Bile acid is a complex metabolic molecule that directly affects not only lipid metabolism but also intestinal peptide secretion and blood glucose control [5]. Bile acids are considered to be important mediators of weight loss and metabolic changes after bariatric surgery [6,7,8,9], and different proportions of bile acids are related to different characteristics of glucose metabolism [10, 11]. Most studies report increased bile acid concentrations after bariatric surgery [12, 13], but others reveal inconsistent changes in bile acid scores [14,15,16].

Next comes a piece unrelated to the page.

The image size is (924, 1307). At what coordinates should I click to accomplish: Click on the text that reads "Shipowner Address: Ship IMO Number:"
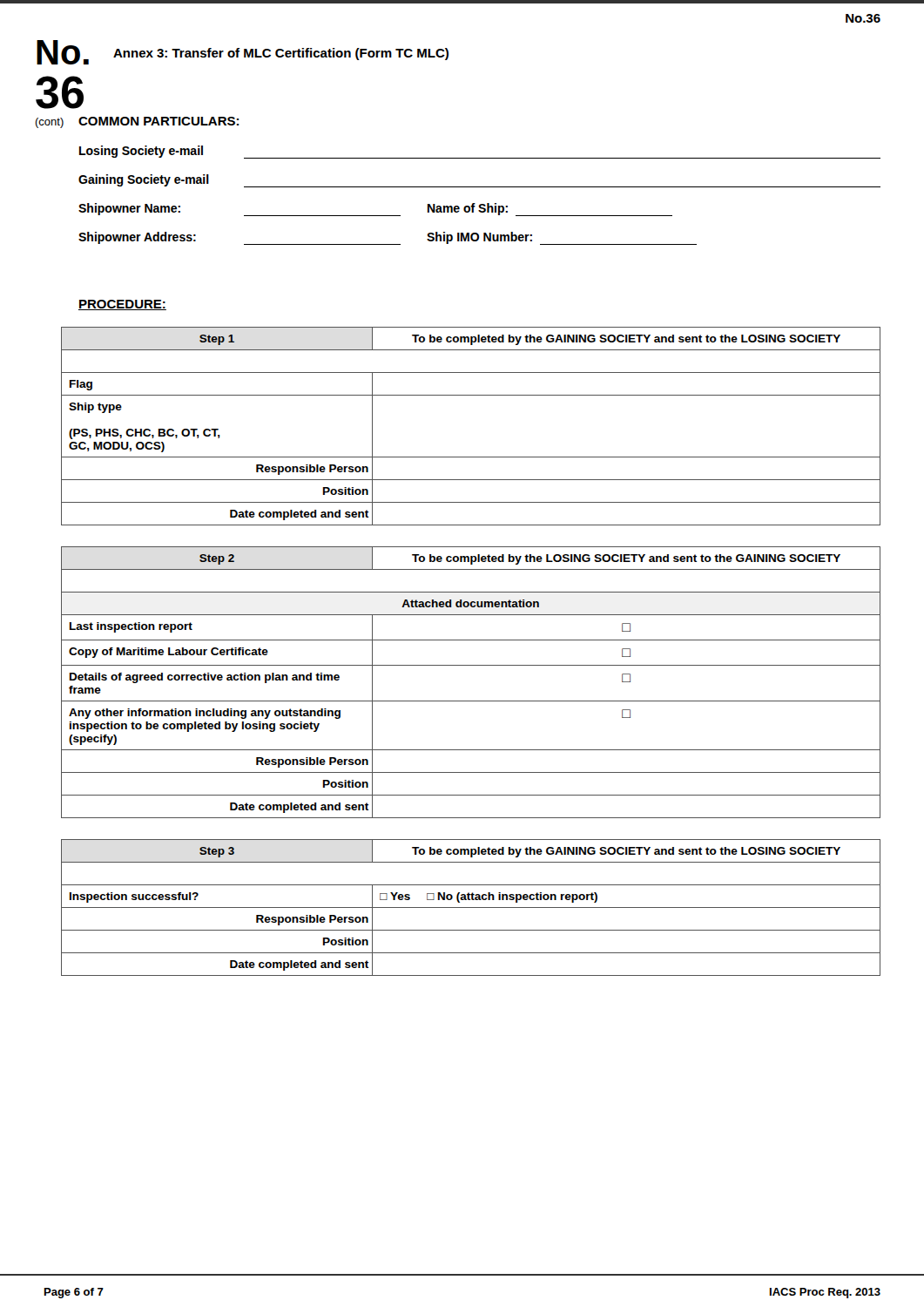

In our study, we explored the changes in glucose and lipid levels in overweight and obese prediabetic patients who underwent LSG, and the changes in bile acids observed in prediabetic patients are discussed.


Study design and patient selection

A retrospective observational study of a collected database was conducted in patients undergoing LSG in the Department of Metabolic and Obesity Surgery of the First Affiliated Hospital of Jinan University (Guangzhou, China) between January 2016 and October 2018. He et al. [17] found that comorbidity, mortality, and body composition data consistently supported the use of a lower BMI cutoff in Chinese patients than in white patients. Therefore, Chinese patients have their own standard BMI. The inclusion criteria were body mass index (BMI) ≥ 32.5 kg/m2 or ≥ 27.5 kg/m2 with one or more comorbid condition (hypertension, type 2 diabetes, dyslipidaemia, or OSA) that failed to be managed by lifestyle modification. The exclusion criteria were patients with a history of bariatric surgery or cholecystectomy. Moreover, patients with prediabetes were diagnosed according to CAD guidelines [18]. Patients with either impaired fasting glucose (IFG) or impaired glucose tolerance (IGT) and 6.0 to 6.4% HbA1c met the prediabetes diagnosis criteria. Patients were divided into three groups: T2DM, prediabetes and nondiabetes, according to their diabetes status. All participants were informed and consented to be involved in this study.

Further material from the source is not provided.